Announcing 'Arcana - A Winter EP' Available to order now.
I’m so glad to announce that in just a over a weeks’ time on the 1st December, my first collection of songs for a good long while will be released into the wild!
Arcana – A Winter EP will be available as a digital download and as a limited edition CD (just 500 of them, hand-numbered) available to pre-order now or you can get hold of one at one of the upcoming UK winter tour dates with the superb double bassist/Dane/person Jasper Høiby.
A longer mull about ‘Arcana’, glass harps, life's transience and pop shields below, should you have a moment to spare.
So in January of this year, which feels like once upon a time, a very long time ago, I had an idea as I was crunching my way through a icicle-laden forest. Why not gather my favourite wintery songs - an old English ‘dream vision’ song dating from the 14th century, an ancient Gaelic hymn, a ballad sung from the point of view of a lovesick night visitor who travels through frost and snow to visit his lover (and who incidentally won’t let him through the window, in case her parents catch them…talking) and record them. My favourite carol also had to go in there, 'In the Bleak Midwinter' (serious pedigree for a hymn – I mean, music by Holst, words by Rossetti) which I arranged for the glass harp (aka singing wine glasses). It’s been so much fun re-envisaging these magical songs and especially working with my Danish music soul family - aka double bassist Jasper Høiby plus Bjarke Falgren, percussionist Jacob Smedegaard and singer Signe Trylle who all lent their fantastic talents to the project. Representing in the English corner, we have the amazing Adrian Lever hitting the Bulgarian tambura for one track too plus Swedish superhero August Wanngren on co-engineering/mixing duties.

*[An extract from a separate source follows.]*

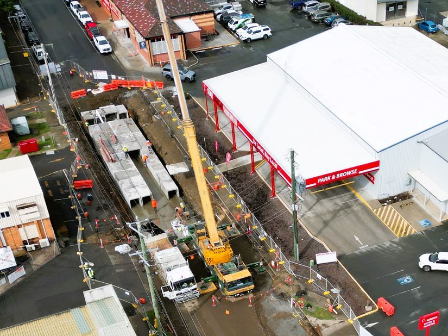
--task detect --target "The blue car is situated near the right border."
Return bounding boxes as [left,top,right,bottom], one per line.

Very Euro. I also wanted to contribute a couple of my own to the festive canon: the opening and closing tracks, ‘Winter Psalm’ and ‘Love Deeper’. Winter Psalm is dedicated to my mother, who has been gone ten years this year.
I’ve often thought that grief is not linear, but more like the moon’s rotations, some days looming large in the sky, tugging at the oceans, flooding windows with stark, lunar light, and the dead feel so close it’s as if they breathe beside you, as if you could see their breath fogging the glass. And on other days the moon is a splinter, barely detectable and the night is dark and benign. But ‘Winter Psalm’ is also an imagining of how it was to be our mother, as I find myself at the age she was when I was born. Winter as a child: fronds of ice-grass, blackbirds meditating on the bare branches like sages, the morning sky a ‘deep headstrong blue’. I know I’ll speak for some of you when I say the happy-families festive season can be tough in so many ways, for reasons large and small. To re-enter this precious moment in time was like stepping into a portal to the past, bitter-sweet. And talking of sweet, the final song, ‘Love Deeper’** is a setting of a short poem by the brilliant George Szirtes.
[Here I am smiling excitedly next to a pop shield because I figured out how to record my own stuff. Finally. This has been on the to-do list for the last 5 years. Sometimes #goals take #abloodylongtime.] George is a prolific creator and in between writing acclaimed collections of poems and winning the Man Booker prize for translation, somehow also finds time to write beautiful words, meditations, opinions and thoughts on his blog / facebook / twitter. 'Love Deeper' was written for his wife Clarissa on their wedding anniversary and I was immediately drawn to it for it’s sentiment but also because it read like the lyrics to a classic folk song, full of everyday wisdom: ‘The years grow expensive the faster they pass/And the moments are whispering all flesh is grass/ Your heart may be gold but your neck is of brass/ Love whom you love, love deeper’. I love that amidst the last minute shopping and the pulling of crackers and the feasting (totally into those last two for the record), there is that entreaty that says: cherish the ones you love, love deeper, for the fleeting moment we exist here, together. On a similar tip, I came across a poem the other day which stopped me in my tracks: ‘What the Living Do’ by Marie Howe, written for her brother John who died at the age of 28. It was this last bit that teared me up with recognition, happy-sadness, gratitude: We want the spring to come and the winter to pass. We want whoever to call or not call, a letter, a kiss—we want more and more and then more of it. But there are moments, walking, when I catch a glimpse of myself in the window glass, say, the window of the corner video store, and I’m gripped by a cherishing so deep for my own blowing hair, chapped face, and unbuttoned coat that I’m speechless: I am living. I remember you. More soon. Till then, with love, Ax ps. Track previews for Arcana coming soon.